Our five-state model made the assumption that a hypothetical intervention would reach 100% of those with IFG and would reduce the annual incidence of diabetes in this group by 25%. Future efforts to refine our modeling approach will focus on more realistic specification of intervention scenarios applied to a variety of population subgroups at high risk of developing diabetes. Had we split the population at high risk into intervention and nonintervention subsets, we would have obtained estimates between the no intervention and intervention cases in Table . Thus, column six of Table can be viewed as an upper bound on the number of incident diabetes cases that a hypothetical intervention could prevent.
Our model is subject to several limitations. Cases of diabetes in people younger than age 18 or older than age 79 years were not considered. Although diabetes in the young is rare, and a relatively small portion of the US population is aged 80 years or older, these numbers might not be negligible. Our model made many reasonable but untestable assumptions. For example, we assumed that the relative risks of death for those with detected or undetected diabetes, compared to those without diabetes, are constant over time. We assumed that the observed increase in diabetes incidence fits a logistic growth curve. Given the logistic model, we could have chosen either a more or less precise prior for ρ. While assumptions other than the ones we made could have been made, we are aware of no data sources that would support such assumptions. We assumed that census estimates for the intercensal years between 2000 and 2009 and the census projections of net migration, births, and death rates for 2010 and beyond are accurate. We also assumed no feedback effect; for example, the increasing prevalence of diabetes could conceivably contribute to greater awareness of diabetes, which could, in turn, reduce the incidence rate or could result in fewer cases of diabetes remaining undiagnosed. Finally, our model implicitly assumes that the future will resemble the past. Changes in the levels of circulating glucose or A1c considered to define diabetes could change the prevalence of both diagnosed and undiagnosed diabetes. Major upheavals, such as an epidemic or natural disaster that substantially changed birth or death rates or a dramatic social change that invalidated census projections or caused other changes in the way people lead their lives, could have correspondingly major impacts on the outcomes of our model.

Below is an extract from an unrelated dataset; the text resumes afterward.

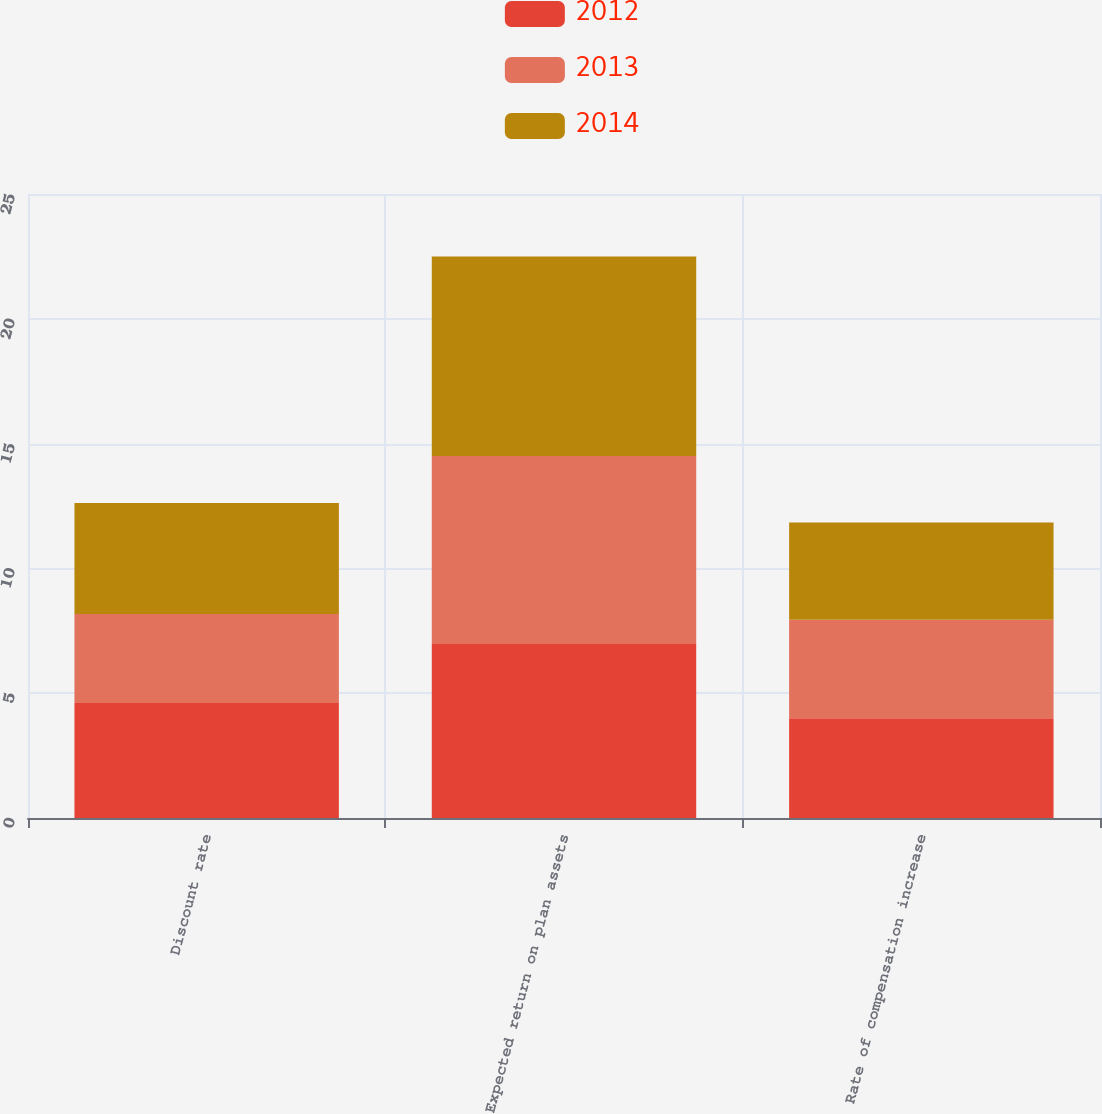<chart> <loc_0><loc_0><loc_500><loc_500><stacked_bar_chart><ecel><fcel>Discount rate<fcel>Expected return on plan assets<fcel>Rate of compensation increase<nl><fcel>2012<fcel>4.61<fcel>7<fcel>4<nl><fcel>2013<fcel>3.56<fcel>7.5<fcel>3.94<nl><fcel>2014<fcel>4.45<fcel>8<fcel>3.9<nl></chart>

We performed a sensitivity analysis that assumed 98% prior probability for ρ, the asymptote of the incidence, in the interval (0.0078, 0.025). The sensitivity analysis produced no practical difference in the incidence projections. We also investigated the sensitivity of our model by considering low mortality risk, high mortality risk, middle incidence projections, and low incidence projections. The additional model assumptions are justified in the appendices. A formal sensitivity analysis of all assumptions would present a substantial technical challenge. We believe it is more useful to policymakers for us to present the results of our four model scenarios.
We anticipate that the modeling methods described here could be used by other countries, especially those with reliable census estimates, to estimate future diabetes burden, as well as the potential effects of interventions to reduce disease burden. Country-specific data elements could be easily substituted for the data elements we used to develop a model that fit US population dynamics. Further, a modified form of this model might be applicable to other chronic, near-irreversible, and sometimes undiagnosed conditions such as heart disease.